Simply Wall St ·  Jan 18 17:52

If we want to find a stock that could multiply over the long term, what are the underlying trends we should look for? In a perfect world, we'd like to see a company investing more capital into its business and ideally the returns earned from that capital are also increasing. Put simply, these types of businesses are compounding machines, meaning they are continually reinvesting their earnings at ever-higher rates of return. Having said that, from a first glance at Wuxi Acryl Technology (SHSE:603722) we aren't jumping out of our chairs at how returns are trending, but let's have a deeper look.

What Is Return On Capital Employed (ROCE)?

For those that aren't sure what ROCE is, it measures the amount of pre-tax profits a company can generate from the capital employed in its business. The formula for this calculation on Wuxi Acryl Technology is:

Return on Capital Employed = Earnings Before Interest and Tax (EBIT) ÷ (Total Assets - Current Liabilities)

0.033 = CN¥25m ÷ (CN¥939m - CN¥173m) (Based on the trailing twelve months to September 2023).

Therefore, Wuxi Acryl Technology has an ROCE of 3.3%. Ultimately, that's a low return and it under-performs the Chemicals industry average of 5.5%.

View our latest analysis for Wuxi Acryl Technology

roce
SHSE:603722 Return on Capital Employed January 18th 2024

Historical performance is a great place to start when researching a stock so above you can see the gauge for Wuxi Acryl Technology's ROCE against it's prior returns. If you'd like to look at how Wuxi Acryl Technology has performed in the past in other metrics, you can view this free graph of past earnings, revenue and cash flow.

The Trend Of ROCE

When we looked at the ROCE trend at Wuxi Acryl Technology, we didn't gain much confidence. To be more specific, ROCE has fallen from 6.6% over the last five years. Given the business is employing more capital while revenue has slipped, this is a bit concerning. This could mean that the business is losing its competitive advantage or market share, because while more money is being put into ventures, it's actually producing a lower return - "less bang for their buck" per se.

What We Can Learn From Wuxi Acryl Technology's ROCE

From the above analysis, we find it rather worrisome that returns on capital and sales for Wuxi Acryl Technology have fallen, meanwhile the business is employing more capital than it was five years ago. Yet despite these poor fundamentals, the stock has gained a huge 105% over the last five years, so investors appear very optimistic. In any case, the current underlying trends don't bode well for long term performance so unless they reverse, we'd start looking elsewhere.

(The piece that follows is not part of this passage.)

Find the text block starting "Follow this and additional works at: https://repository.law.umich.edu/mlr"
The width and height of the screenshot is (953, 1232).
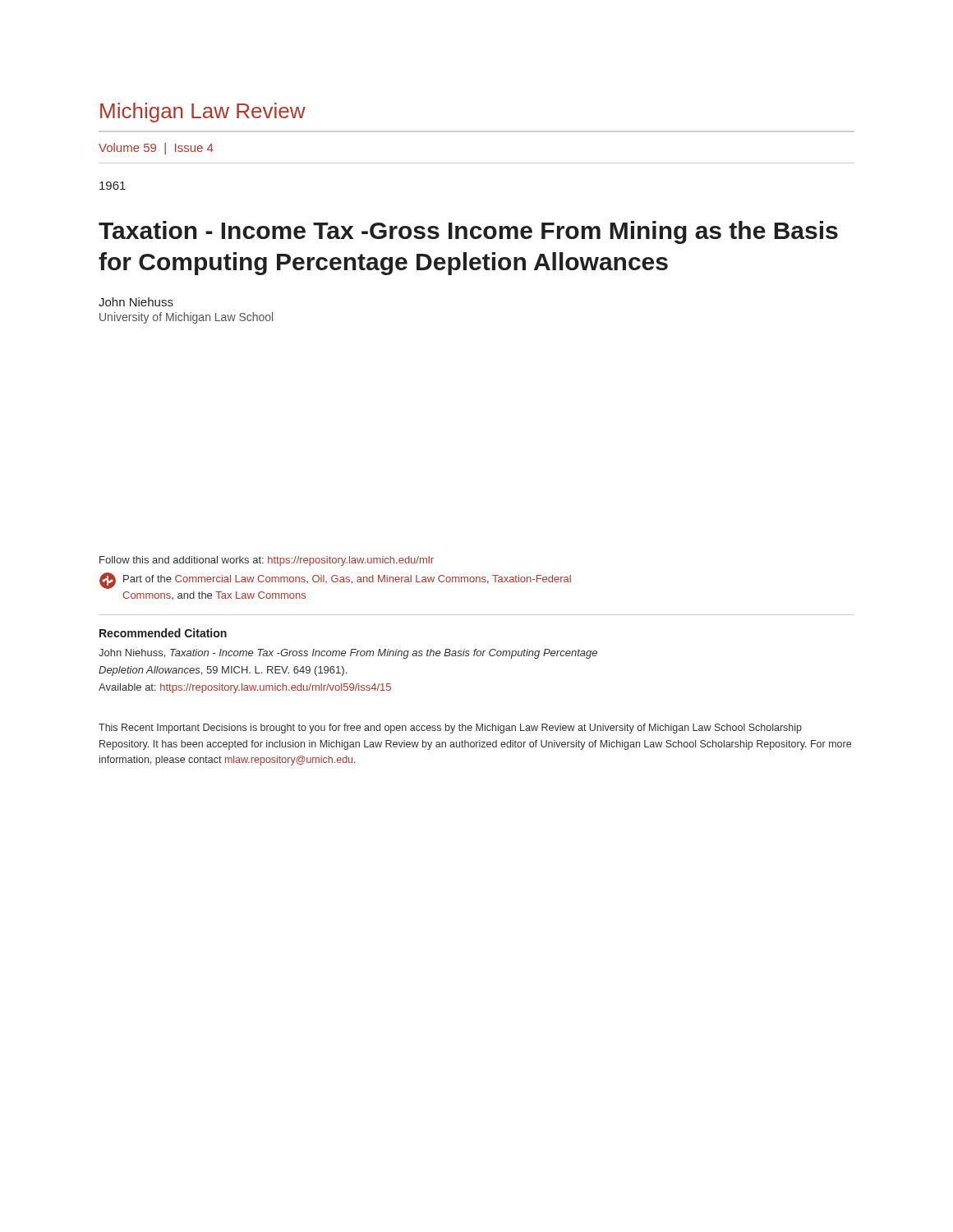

Like most companies, Wuxi Acryl Technology does come with some risks, and we've found 4 warning signs that you should be aware of.

While Wuxi Acryl Technology isn't earning the highest return, check out this free list of companies that are earning high returns on equity with solid balance sheets.

Have feedback on this article? Concerned about the content? Get in touch with us directly. Alternatively, email editorial-team (at) simplywallst.com.
This article by Simply Wall St is general in nature. We provide commentary based on historical data and analyst forecasts only using an unbiased methodology and our articles are not intended to be financial advice. It does not constitute a recommendation to buy or sell any stock, and does not take account of your objectives, or your financial situation. We aim to bring you long-term focused analysis driven by fundamental data. Note that our analysis may not factor in the latest price-sensitive company announcements or qualitative material. Simply Wall St has no position in any stocks mentioned.